Most large supermarkets carry at least one or two of these varieties in the international foods aisle. Latin grocery stores and Mexican food markets will carry all three. If you cannot find them locally, they are widely available online. You can also substitute with a single type of dried chile if necessary — anchos alone will give you a pleasant, mild mole, while guajillos give more color and guajillo-forward heat. Using a combination always produces the most complex result.
Can I use chicken breasts instead of thighs?

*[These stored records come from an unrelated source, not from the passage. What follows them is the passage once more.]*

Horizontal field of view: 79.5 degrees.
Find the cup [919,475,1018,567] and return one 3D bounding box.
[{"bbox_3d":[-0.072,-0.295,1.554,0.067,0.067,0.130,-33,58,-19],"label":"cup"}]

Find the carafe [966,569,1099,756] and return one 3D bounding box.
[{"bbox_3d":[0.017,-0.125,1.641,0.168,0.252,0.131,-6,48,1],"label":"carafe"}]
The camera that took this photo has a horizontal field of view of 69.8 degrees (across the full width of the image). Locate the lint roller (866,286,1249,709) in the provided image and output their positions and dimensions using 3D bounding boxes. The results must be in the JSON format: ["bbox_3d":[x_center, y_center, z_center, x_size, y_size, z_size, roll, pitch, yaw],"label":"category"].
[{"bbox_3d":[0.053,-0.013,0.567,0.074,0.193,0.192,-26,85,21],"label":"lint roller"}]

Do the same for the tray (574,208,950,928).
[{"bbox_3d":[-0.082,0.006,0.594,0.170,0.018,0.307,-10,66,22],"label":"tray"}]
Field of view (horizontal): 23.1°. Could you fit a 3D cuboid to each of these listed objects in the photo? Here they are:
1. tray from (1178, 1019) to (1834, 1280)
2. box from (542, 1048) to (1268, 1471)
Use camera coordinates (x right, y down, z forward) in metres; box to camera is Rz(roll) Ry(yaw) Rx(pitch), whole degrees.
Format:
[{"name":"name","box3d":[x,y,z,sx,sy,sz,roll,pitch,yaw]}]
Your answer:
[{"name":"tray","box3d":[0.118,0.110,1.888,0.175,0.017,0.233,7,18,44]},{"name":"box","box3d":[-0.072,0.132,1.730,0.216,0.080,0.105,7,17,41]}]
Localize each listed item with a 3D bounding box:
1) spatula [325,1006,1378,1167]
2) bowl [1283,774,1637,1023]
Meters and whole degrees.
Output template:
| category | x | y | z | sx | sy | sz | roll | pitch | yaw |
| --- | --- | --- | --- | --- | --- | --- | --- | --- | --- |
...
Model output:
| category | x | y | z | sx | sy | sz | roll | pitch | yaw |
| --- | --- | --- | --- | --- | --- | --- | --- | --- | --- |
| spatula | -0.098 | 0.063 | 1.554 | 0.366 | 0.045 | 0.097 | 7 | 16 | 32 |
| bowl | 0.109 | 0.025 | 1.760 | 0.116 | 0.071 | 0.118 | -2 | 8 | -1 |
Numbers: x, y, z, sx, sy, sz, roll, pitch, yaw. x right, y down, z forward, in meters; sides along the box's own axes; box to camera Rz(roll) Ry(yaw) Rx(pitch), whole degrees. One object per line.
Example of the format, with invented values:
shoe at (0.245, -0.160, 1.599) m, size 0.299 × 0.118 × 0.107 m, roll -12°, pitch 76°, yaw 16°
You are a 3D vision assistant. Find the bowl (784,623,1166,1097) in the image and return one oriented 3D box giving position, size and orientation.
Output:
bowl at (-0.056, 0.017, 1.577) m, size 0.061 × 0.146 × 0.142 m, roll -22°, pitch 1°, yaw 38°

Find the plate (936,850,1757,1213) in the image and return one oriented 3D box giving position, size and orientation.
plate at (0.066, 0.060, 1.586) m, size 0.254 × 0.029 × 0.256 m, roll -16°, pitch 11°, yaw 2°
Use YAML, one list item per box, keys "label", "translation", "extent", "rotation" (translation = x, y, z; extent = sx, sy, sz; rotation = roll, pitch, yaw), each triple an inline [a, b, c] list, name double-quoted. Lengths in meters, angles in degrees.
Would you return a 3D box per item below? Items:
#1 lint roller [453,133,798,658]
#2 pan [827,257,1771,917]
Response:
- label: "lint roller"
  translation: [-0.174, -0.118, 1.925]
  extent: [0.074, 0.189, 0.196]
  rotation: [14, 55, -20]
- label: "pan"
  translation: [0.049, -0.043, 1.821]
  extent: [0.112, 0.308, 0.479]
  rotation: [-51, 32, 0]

Yes, but with caution. Chicken breasts are leaner and cook faster than thighs and legs, which means they will become dry and stringy if cooked for the full 40 minutes. If using breasts, reduce the simmering time to 20 to 25 minutes and check for doneness early. Thighs are the preferred cut because their higher fat content keeps them tender and juicy through the longer cooking time, and the rendered fat enriches the mole sauce.
Is chicken mole very spicy?
The version in this recipe is mild to moderately spiced. Ancho, guajillo, and pasilla chiles are all relatively mild on the chile heat scale — they contribute flavor and complexity rather than aggressive heat. If you want more heat, add one or two chiles de árbol to the mix, or increase the amount of guajillo. If you want a milder result, reduce the guajillo quantity and use more anchos, which are the mildest and sweetest of the three.
Can I make the mole sauce ahead of time?
Absolutely, and it is actually recommended. Make the mole sauce one to two days ahead, let it cool, and refrigerate it. When you are ready to serve, gently reheat the sauce with a splash of chicken stock to loosen it, then add your chicken (either browned fresh chicken to cook in the sauce, or shredded pre-cooked chicken to warm through). The flavor of the sauce improves significantly over 24 to 48 hours as the ingredients continue to meld.
What do I do with leftover mole sauce?
Everything. Leftover mole sauce can be used to make enchiladas, stirred into beans, drizzled over fried eggs, used as a braising liquid for pork ribs or beef short ribs, used as a pizza sauce, thinned with stock to make a drizzle for tacos, or stored in the freezer for up to six months. It is one of the most versatile sauces you will ever make.